Quel gourmand êtes-vous ?

Mory Sacko :

"Je me définirais comme un gourmand sélectif. La quantité ne définit pas la gourmandise d'un plat. Par exemple, une tranche de tomate parfaitement mûre et assaisonnée peut être beaucoup plus alléchante qu'un gâteau riche en sucre et en gras. "

Alain Ducasse :

"Le gras, le sel et le sucre, sont des facilités. Il existe une appétence naturelle pour ces saveurs. Et, en même temps, leur excès est absolument néfaste pour la santé. Il faut donc cuisiner sans avoir recours à ces facilités. Il faut concentrer les goûts, trouver les bonnes associations, proposer les bonnes textures. Tout cela demande effectivement un peu plus de travail mais, oui, on peut faire une cuisine à la fois saine et savoureuse. Il en va de même pour le chocolat : nous utilisons très peu de sucre et de matière grasse pour les confectionner. A la place, nous choisissons très attentivement les fèves de cacao et nous créons des recettes qui maximisent le goût."

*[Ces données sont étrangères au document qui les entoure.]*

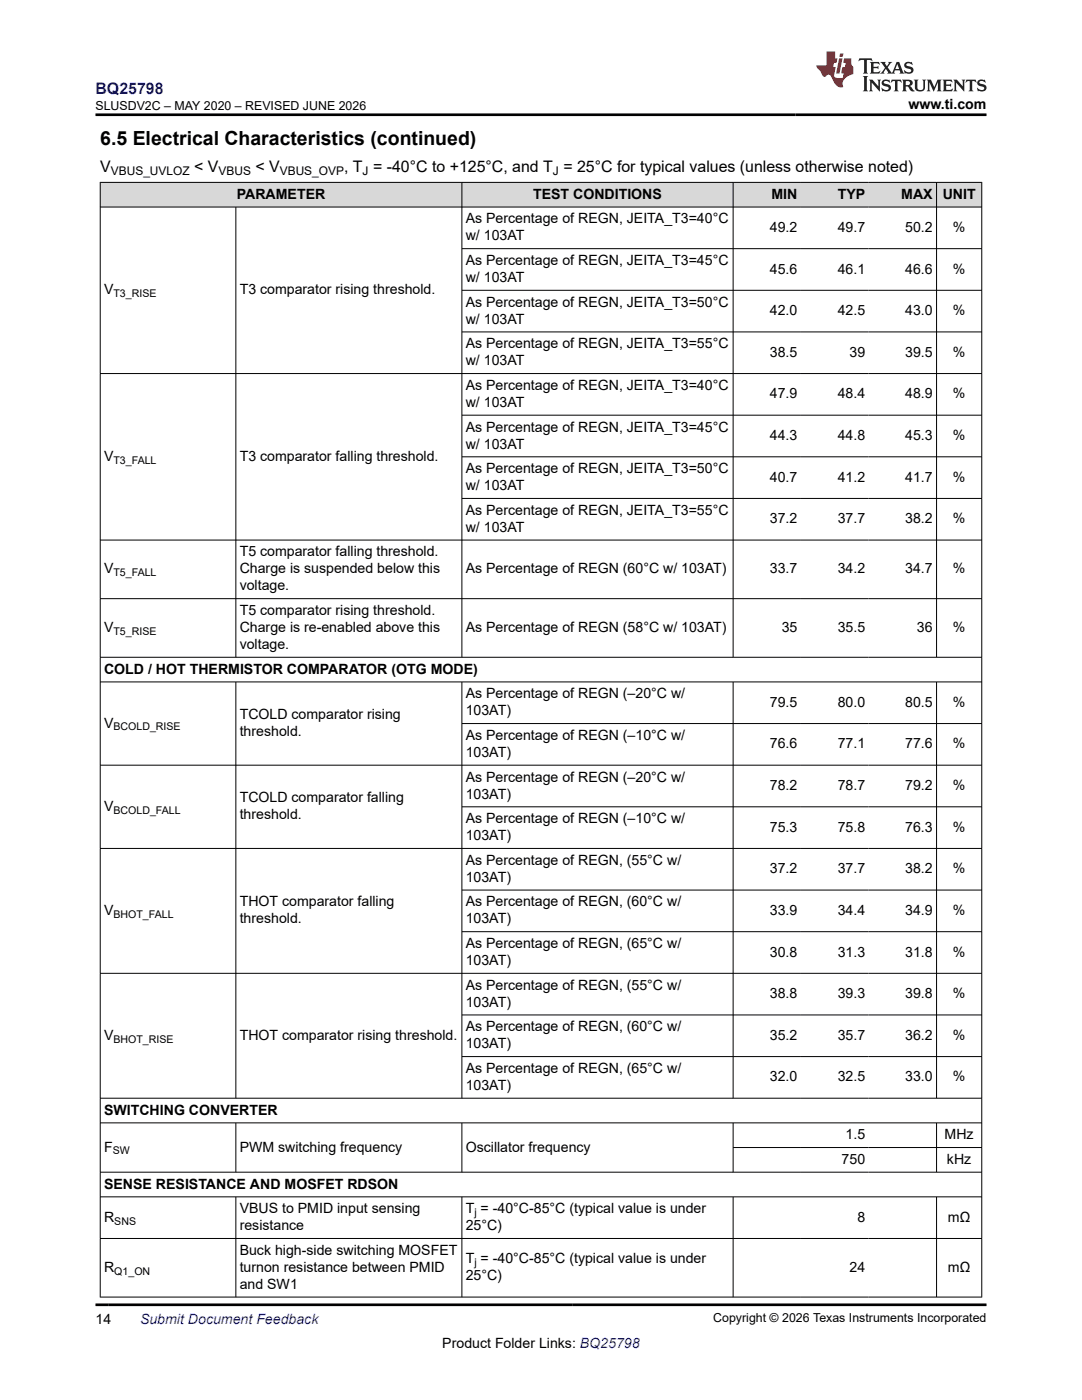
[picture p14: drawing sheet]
<svg xmlns="http://www.w3.org/2000/svg" width="216mm" height="279mm" viewBox="0 0 216 279" stroke-linecap="round" stroke-linejoin="round" font-family="sans-serif">
<defs><g id="words">
<text font-size="3.9" x="20" y="28.8">6.5 Electrical Characteristics (continued)</text>
<text font-size="3.2" fill="#00f" x="19" y="18.7">BQ25798</text>
<g font-size="3.2">
<text x="20" y="34.3">V</text>
<text x="38.7" y="34.3">&lt; V</text>
<text x="51" y="34.3">&lt; V</text>
<text x="68.7" y="34.3">, T = -40°C to +125°C, and T = 25°C for typical values (unless otherwise noted)</text>
</g>
<g font-size="2.8">
<text x="181.3" y="21.8">www.ti.com</text>
<text x="47.2" y="39.7">PARAMETER</text>
<text x="106.4" y="39.7">TEST CONDITIONS</text>
<text x="153.9" y="39.7">MIN</text>
<text x="167.2" y="39.7">TYP</text>
<text x="179.8" y="39.7">MAX</text>
<text x="188.1" y="39.7">UNIT</text>
<text x="92.9" y="44.6">As Percentage of REGN, JEITA_T3=40°C</text>
<text x="92.9" y="48">w/ 103AT</text>
<text x="153.6" y="46.3">49.2</text>
<text x="167.1" y="46.3">49.7</text>
<text x="180.6" y="46.3">50.2</text>
<text x="190.1" y="46.3">%</text>
<text x="92.9" y="52.9">As Percentage of REGN, JEITA_T3=45°C</text>
<text x="20.8" y="58.7">V</text>
<text x="47.8" y="58.7">T3 comparator rising threshold.</text>
<text x="92.9" y="56.3">w/ 103AT</text>
<text x="153.6" y="54.6">45.6</text>
<text x="167.1" y="54.6">46.1</text>
<text x="180.6" y="54.6">46.6</text>
<text x="190.1" y="54.6">%</text>
<text x="92.9" y="61.2">As Percentage of REGN, JEITA_T3=50°C</text>
<text x="92.9" y="64.6">w/ 103AT</text>
<text x="153.6" y="62.9">42.0</text>
<text x="167.1" y="62.9">42.5</text>
<text x="180.6" y="62.9">43.0</text>
<text x="190.1" y="62.9">%</text>
<text x="92.9" y="69.5">As Percentage of REGN, JEITA_T3=55°C</text>
<text x="153.6" y="71.2">38.5</text>
<text x="169.5" y="71.2">39</text>
<text x="180.6" y="71.2">39.5</text>
<text x="190.1" y="71.2">%</text>
<text x="92.9" y="72.9">w/ 103AT</text>
<text x="92.9" y="77.8">As Percentage of REGN, JEITA_T3=40°C</text>
<text x="92.9" y="81.2">w/ 103AT</text>
<text x="153.6" y="79.5">47.9</text>
<text x="167.1" y="79.5">48.4</text>
<text x="180.6" y="79.5">48.9</text>
<text x="190.1" y="79.5">%</text>
<text x="92.9" y="86.1">As Percentage of REGN, JEITA_T3=45°C</text>
<text x="92.9" y="89.5">w/ 103AT</text>
<text x="153.6" y="87.8">44.3</text>
<text x="167.1" y="87.8">44.8</text>
<text x="180.6" y="87.8">45.3</text>
<text x="190.1" y="87.8">%</text>
<text x="20.8" y="92">V</text>
<text x="47.8" y="92">T3 comparator falling threshold.</text>
<text x="92.9" y="94.4">As Percentage of REGN, JEITA_T3=50°C</text>
<text x="92.9" y="97.8">w/ 103AT</text>
<text x="153.6" y="96.1">40.7</text>
<text x="167.1" y="96.1">41.2</text>
<text x="180.6" y="96.1">41.7</text>
<text x="190.1" y="96.1">%</text>
<text x="92.9" y="102.7">As Percentage of REGN, JEITA_T3=55°C</text>
<text x="92.9" y="106.1">w/ 103AT</text>
<text x="153.6" y="104.4">37.2</text>
<text x="167.1" y="104.4">37.7</text>
<text x="180.6" y="104.4">38.2</text>
<text x="190.1" y="104.4">%</text>
<text x="47.8" y="111.1">T5 comparator falling threshold.</text>
<text x="20.8" y="114.4">V</text>
<text x="47.8" y="114.4">Charge is suspended below this</text>
<text x="47.8" y="117.8">voltage.</text>
<text x="92.9" y="114.4">As Percentage of REGN (60°C w/ 103AT)</text>
<text x="153.6" y="114.4">33.7</text>
<text x="167.1" y="114.4">34.2</text>
<text x="180.6" y="114.4">34.7</text>
<text x="190.1" y="114.4">%</text>
<text x="47.8" y="122.8">T5 comparator rising threshold.</text>
<text x="20.8" y="126.1">V</text>
<text x="47.8" y="126.1">Charge is re-enabled above this</text>
<text x="47.8" y="129.5">voltage.</text>
<text x="92.9" y="126.1">As Percentage of REGN (58°C w/ 103AT)</text>
<text x="156" y="126.1">35</text>
<text x="167.1" y="126.1">35.5</text>
<text x="183" y="126.1">36</text>
<text x="190.1" y="126.1">%</text>
<text x="20.8" y="134.4">COLD / HOT THERMISTOR COMPARATOR (OTG MODE)</text>
<text x="47.8" y="143.5">TCOLD comparator rising</text>
<text x="92.9" y="139.4">As Percentage of REGN (–20°C w/</text>
<text x="92.9" y="142.8">103AT)</text>
<text x="153.6" y="141.1">79.5</text>
<text x="167.1" y="141.1">80.0</text>
<text x="180.6" y="141.1">80.5</text>
<text x="190.1" y="141.1">%</text>
<text x="20.8" y="145.2">V</text>
<text x="47.8" y="146.9">threshold.</text>
<text x="92.9" y="147.7">As Percentage of REGN (–10°C w/</text>
<text x="153.6" y="149.4">76.6</text>
<text x="167.1" y="149.4">77.1</text>
<text x="180.6" y="149.4">77.6</text>
<text x="190.1" y="149.4">%</text>
<text x="92.9" y="151.1">103AT)</text>
<text x="92.9" y="156">As Percentage of REGN (–20°C w/</text>
<text x="20.8" y="161.8">V</text>
<text x="47.8" y="160.1">TCOLD comparator falling</text>
<text x="92.9" y="159.4">103AT)</text>
<text x="153.6" y="157.7">78.2</text>
<text x="167.1" y="157.7">78.7</text>
<text x="180.6" y="157.7">79.2</text>
<text x="190.1" y="157.7">%</text>
<text x="47.8" y="163.5">threshold.</text>
<text x="92.9" y="164.3">As Percentage of REGN (–10°C w/</text>
<text x="92.9" y="167.7">103AT)</text>
<text x="153.6" y="166">75.3</text>
<text x="167.1" y="166">75.8</text>
<text x="180.6" y="166">76.3</text>
<text x="190.1" y="166">%</text>
<text x="92.9" y="172.6">As Percentage of REGN, (55°C w/</text>
<text x="92.9" y="176">103AT)</text>
<text x="153.6" y="174.3">37.2</text>
<text x="167.1" y="174.3">37.7</text>
<text x="180.6" y="174.3">38.2</text>
<text x="190.1" y="174.3">%</text>
<text x="20.8" y="182.6">V</text>
<text x="47.8" y="180.9">THOT comparator falling</text>
<text x="47.8" y="184.3">threshold.</text>
<text x="92.9" y="180.9">As Percentage of REGN, (60°C w/</text>
<text x="92.9" y="184.3">103AT)</text>
<text x="153.6" y="182.6">33.9</text>
<text x="167.1" y="182.6">34.4</text>
<text x="180.6" y="182.6">34.9</text>
<text x="190.1" y="182.6">%</text>
<text x="92.9" y="189.2">As Percentage of REGN, (65°C w/</text>
<text x="153.6" y="190.9">30.8</text>
<text x="167.1" y="190.9">31.3</text>
<text x="180.6" y="190.9">31.8</text>
<text x="190.1" y="190.9">%</text>
<text x="92.9" y="192.6">103AT)</text>
<text x="92.9" y="197.5">As Percentage of REGN, (55°C w/</text>
<text x="92.9" y="200.9">103AT)</text>
<text x="153.6" y="199.2">38.8</text>
<text x="167.1" y="199.2">39.3</text>
<text x="180.6" y="199.2">39.8</text>
<text x="190.1" y="199.2">%</text>
<text x="20.8" y="207.5">V</text>
<text x="47.8" y="207.5">THOT comparator rising threshold.</text>
<text x="92.9" y="205.8">As Percentage of REGN, (60°C w/</text>
<text x="92.9" y="209.2">103AT)</text>
<text x="153.6" y="207.5">35.2</text>
<text x="167.1" y="207.5">35.7</text>
<text x="180.6" y="207.5">36.2</text>
<text x="190.1" y="207.5">%</text>
<text x="92.9" y="214.1">As Percentage of REGN, (65°C w/</text>
<text x="153.6" y="215.8">32.0</text>
<text x="167.1" y="215.8">32.5</text>
<text x="180.6" y="215.8">33.0</text>
<text x="190.1" y="215.8">%</text>
<text x="92.9" y="217.5">103AT)</text>
<text x="20.8" y="222.4">SWITCHING CONVERTER</text>
<text x="168.7" y="227.4">1.5</text>
<text x="188.5" y="227.4">MHz</text>
<text x="20.8" y="229.8">F</text>
<text x="47.8" y="229.8">PWM switching frequency</text>
<text x="92.9" y="229.8">Oscillator frequency</text>
<text x="167.9" y="232.3">750</text>
<text x="189" y="232.3">kHz</text>
<text x="20.8" y="237.2">SENSE RESISTANCE AND MOSFET RDSON</text>
<text x="20.8" y="243.8">R</text>
<text x="47.8" y="242.1">VBUS to PMID input sensing</text>
<text x="47.8" y="245.5">resistance</text>
<text x="92.9" y="245.5">25°C)</text>
<text x="92.9" y="242.1">T = -40°C-85°C (typical value is under</text>
<text x="171.1" y="243.8">8</text>
<text x="189.2" y="243.8">mΩ</text>
<text x="47.8" y="250.4">Buck high-side switching MOSFET</text>
<text x="20.8" y="253.8">R</text>
<text x="47.8" y="253.8">turnon resistance between PMID</text>
<text x="47.8" y="257.2">and SW1</text>
<text x="92.9" y="255.5">25°C)</text>
<text x="92.9" y="252.1">T = -40°C-85°C (typical value is under</text>
<text x="169.5" y="253.8">24</text>
<text x="189.2" y="253.8">mΩ</text>
<text x="19" y="264.2">14</text>
<text x="88.3" y="269">Product Folder Links: BQ25798</text>
</g>
<text font-size="2.8" fill="#00f" x="27.9" y="264.2">Submit Document Feedback</text>
<g font-size="2.5">
<text x="19" y="21.9">SLUSDV2C – MAY 2020 – REVISED JUNE 2026</text>
<text x="142.3" y="263.9">Copyright © 2026 Texas Instruments Incorporated</text>
</g>
<g font-size="2.4">
<text x="22.1" y="34.9">VBUS_UVLOZ</text>
<text x="43.6" y="34.9">VBUS</text>
<text x="55.8" y="34.9">VBUS_OVP</text>
<text x="72.4" y="34.9">J</text>
<text x="110.3" y="34.9">J</text>
</g>
<g font-size="2.1">
<text x="22.6" y="59.3">T3_RISE</text>
<text x="22.6" y="92.5">T3_FALL</text>
<text x="22.6" y="115">T5_FALL</text>
<text x="22.6" y="126.7">T5_RISE</text>
<text x="22.6" y="145.8">BCOLD_RISE</text>
<text x="22.6" y="162.4">BCOLD_FALL</text>
<text x="22.6" y="183.2">BHOT_FALL</text>
<text x="22.6" y="208.1">BHOT_RISE</text>
<text x="22.5" y="230.4">SW</text>
<text x="22.8" y="244.4">SNS</text>
<text x="94.7" y="242.7">j</text>
<text x="22.8" y="254.4">Q1_ON</text>
<text x="94.7" y="252.7">j</text>
</g>
</g></defs>
<g fill="#d8d8d8">
<path d="M20 36.4h175.9v4.9h-175.9z" fill-rule="evenodd"/>
<path d="M20.1 36.5h72v4.8h-72z" fill-rule="evenodd"/>
<path d="M92.2 36.5h54v4.8h-54z" fill-rule="evenodd"/>
<path d="M146.3 36.5h13.5v4.8h-13.5z" fill-rule="evenodd"/>
<path d="M159.8 36.5h13.5v4.8h-13.5z" fill-rule="evenodd"/>
<path d="M173.3 36.5h13.5v4.8h-13.5z" fill-rule="evenodd"/>
<path d="M186.9 36.5h8.9v4.8h-8.9z" fill-rule="evenodd"/>
</g>
<g fill="none" stroke="#000" stroke-width=".2">
<path d="M19.9 36.4h176.1M20 36.3v222.6M92.2 36.3v94.9M146.3 36.3v94.9M186.9 36.3v94.9M195.9 36.3v222.6M19.9 41.3h176.1M47.1 41.3v89.9M92.2 49.6h103.8M92.2 57.9h103.8M19.9 74.6h176.1M92.2 66.2h103.8"/>
<path d="M92.2 82.9h103.8M92.2 91.2h103.8M92.2 99.5h103.8M19.9 119.5h176.1M196 107.8h-176.1M19.9 131.2h176.1M19.9 136.1h176.1M47.1 136.1v83.1M92.2 136.1v83.1M146.3 136.1v83.1M186.9 136.1v83.1M19.9 152.7h176.1"/>
<path d="M92.2 144.4h103.8M92.2 161h103.8M92.2 177.6h103.8M196 169.3h-176.1M19.9 194.2h176.1M92.2 185.9h103.8M92.2 202.6h103.8M92.2 210.9h103.8M196 219.2h-176.1M19.9 224.1h176.1M19.9 233.9h176.1M19.9 238.9h176.1"/>
<path d="M47.1 224.1v9.9M47.1 238.9v20M92.2 224.1v9.9M92.2 238.9v20M146.3 224.1v9.9M146.3 238.9v20M146.3 229h49.7M186.9 224.1v9.9M186.9 238.9v20M19.9 247.2h176.1M19.9 258.9h176.1"/>
</g>
<path d="M171.5 11.6l-.2 .6 .5-.2h.6v.1v2.2l-.2 .4h1l-.2-.4v-2.2v-.1h.5l.6 .2-.2-.6zM173.6 12.4l.2 .3v1.6l-.2 .4h1.9l.1-.6a1.08 1.08 0 0 1-1.3 .2v-.7h.6l.4 .2v-.7l-.4 .2h-.6v-.5l.2-.2a1 1 0 0 1 1 .3l-.1-.5zM175.7 12.4l.9 1.1-1 1.2h.9l-.2-.2 .5-.8 .4 .8-.2 .2h1.6l-.2-.2 .2-.5h.9l.1 .5-.1 .2h.9l-.2-.4-.8-1.9h-.5l-.9 2.1-.9-1.1 .9-1h-.8l.2 .2-.4 .6-.4-.6 .2-.2zM179 12.8l.4 1h-.7zM180.7 12.5a.65 .65 0 0 0-.2 .7 .65 .65 0 0 0 .6 .5l.6 .1 .1 .3a.79 .79 0 0 1-.7 .4 .79 .79 0 0 1-.7-.5l.1 .7 .2-.1a.93 .93 0 0 0 1.1 0 .93 .93 0 0 0 .4-.9 1.46 1.46 0 0 0-1.2-.6l-.1-.3a1.09 1.09 0 0 1 1.2 .2l-.2-.6-.1 .1-.5-.2zM172.2 15.2l.2 .4v2.2l-.2 .4h1l-.2-.4v-2.2l.2-.4zM173.4 15.9l.2 .4v1.5l-.2 .4h.8l-.3-.4 .1-1.3 1.6 1.8v-2l.2-.4h-.7l.1 .2 .1 1.1-1.2-1.3zM176.2 16a.65 .65 0 0 0-.2 .8 .65 .65 0 0 0 .6 .4l.6 .2 .1 .2a.79 .79 0 0 1-.7 .4 .79 .79 0 0 1-.7-.5l.1 .7 .2-.1a.93 .93 0 0 0 1.1 .1 .93 .93 0 0 0 .4-1 1.46 1.46 0 0 0-1.2-.5l-.1-.4a1.09 1.09 0 0 1 1.2 .2l-.1-.6-.2 .1-.5-.1zM177.9 15.9l-.1 .6a.63 .63 0 0 1 .8-.3v1.6l-.3 .4h1l-.2-.4v-1.6a.66 .66 0 0 1 .8 .3l-.1-.6zM180 15.9l.2 .4v1.5l-.2 .4h1l-.2-.2-.1-.7h.5l.1 .2a.79 .79 0 0 0 1.2 .6l-1-.9a.61 .61 0 0 0 .6-.6 .61 .61 0 0 0-.5-.7zM180.8 16.2h.1a.47 .47 0 0 1 .5 .1 .47 .47 0 0 1 .1 .5l-.1 .1-.7 .1zM182.3 15.9l.2 .2a2.27 2.27 0 0 0 .4 2 1.04 1.04 0 0 0 1.7-.7v-1.3l.2-.2h-.8l.2 .4v1.1a.6 .6 0 0 1-.6 .6 .6 .6 0 0 1-.6-.6v-1.1l.3-.4zM184.9 15.9l.2 .4v1.5l-.2 .4h.8l-.3-.4v-1.4l.9 1.9 .9-1.9v1.4l-.3 .4h1l-.2-.4v-1.5l.2-.4h-.8l-.7 1.5-.6-1.5zM188.1 15.9l.2 .4v1.5l-.2 .4h1.9l.1-.6a1.09 1.09 0 0 1-1.3 .2v-.7h.6l.4 .2v-.6l-.4 .2h-.6v-.6l.2-.1a1.01 1.01 0 0 1 1 .3l-.1-.6zM190.2 15.9l.3 .4v1.5l-.3 .4h.8l-.2-.4v-1.3l1.6 1.8v-2l.2-.4h-.7l.2 .2v1.1l-1.2-1.3zM192.8 15.9l-.1 .6a.63 .63 0 0 1 .8-.3v1.6l-.3 .4h1l-.2-.4v-1.6a.66 .66 0 0 1 .8 .3l-.1-.6zM195.2 16a.65 .65 0 0 0-.2 .8 .65 .65 0 0 0 .6 .4l.6 .2 .2 .2a.79 .79 0 0 1-.7 .4 .79 .79 0 0 1-.7-.5l.1 .7 .2-.1a.93 .93 0 0 0 1 .1 .93 .93 0 0 0 .5-1 1.46 1.46 0 0 0-1.3-.5v-.4a1.09 1.09 0 0 1 1.2 .2l-.2-.6-.2 .1-.5-.1z" fill="#231f20"/>
<path d="M164.9 10.3v2.7h-2l.1 .4 .8 1a.95 .95 0 0 0 1 .9 .59 .59 0 0 1 .5-.4 .59 .59 0 0 1 .5 .3l.4 .8a1.59 1.59 0 0 0 2.1 1.4 1.61 1.61 0 0 1 1-2.3l1-.3-.1-1.5a1.59 1.59 0 0 1-.3-1.7h-1.5l-.2 .9h.6l-.2 .9h-.5l-.2 .9v.3l.4 .1-.1 .9h-.7a.73 .73 0 0 1-1-.7l.3-1.5h-.5l.1-.9h.5l.2-.9h-.5v-1.3zM167.4 11.6l-.6 3.1h.7l.6-3.1zM167.6 10.7l-.1 .6h.7l.1-.6z" fill="#ed1c24"/>
<path d="M19 22.9h177.8M19 260.4h177.8" fill="none" stroke="#000" stroke-width=".53"/>
<use href="#words"/>
</svg>

En quoi la gourmandise est-elle importante dans votre métier ?

Alain Ducasse :

"Mon ami Massimo Bottura, le grand cuisinier italien, a intitulé un de ses livres : « Ne jamais faire confiance à un cuisinier italien trop maigre ». C’est évidemment une boutade mais je crois qu’elle dit quelque chose de très vrai : faire la cuisine, c’est transmettre du bonheur. Si le cuisinier n’éprouve rien en préparant un plat, comment voulez-vous que le mangeur éprouve quelque chose ?Lorsque nous créons un plat, nous multiplions les essais et nous goutons sans cesse parce que nous voulons transmettre une émotion à nos convives. "

Mory Sacko :

"La gourmandise est un élément fondamental dans notre métier car elle trouve sa source dans le plaisir. L'essence de notre métier consiste à se faire plaisir en suscitant le plaisir chez les autres. Cette recherche de la gourmandise et du partage devrait être la boussole de tout cuisinier. "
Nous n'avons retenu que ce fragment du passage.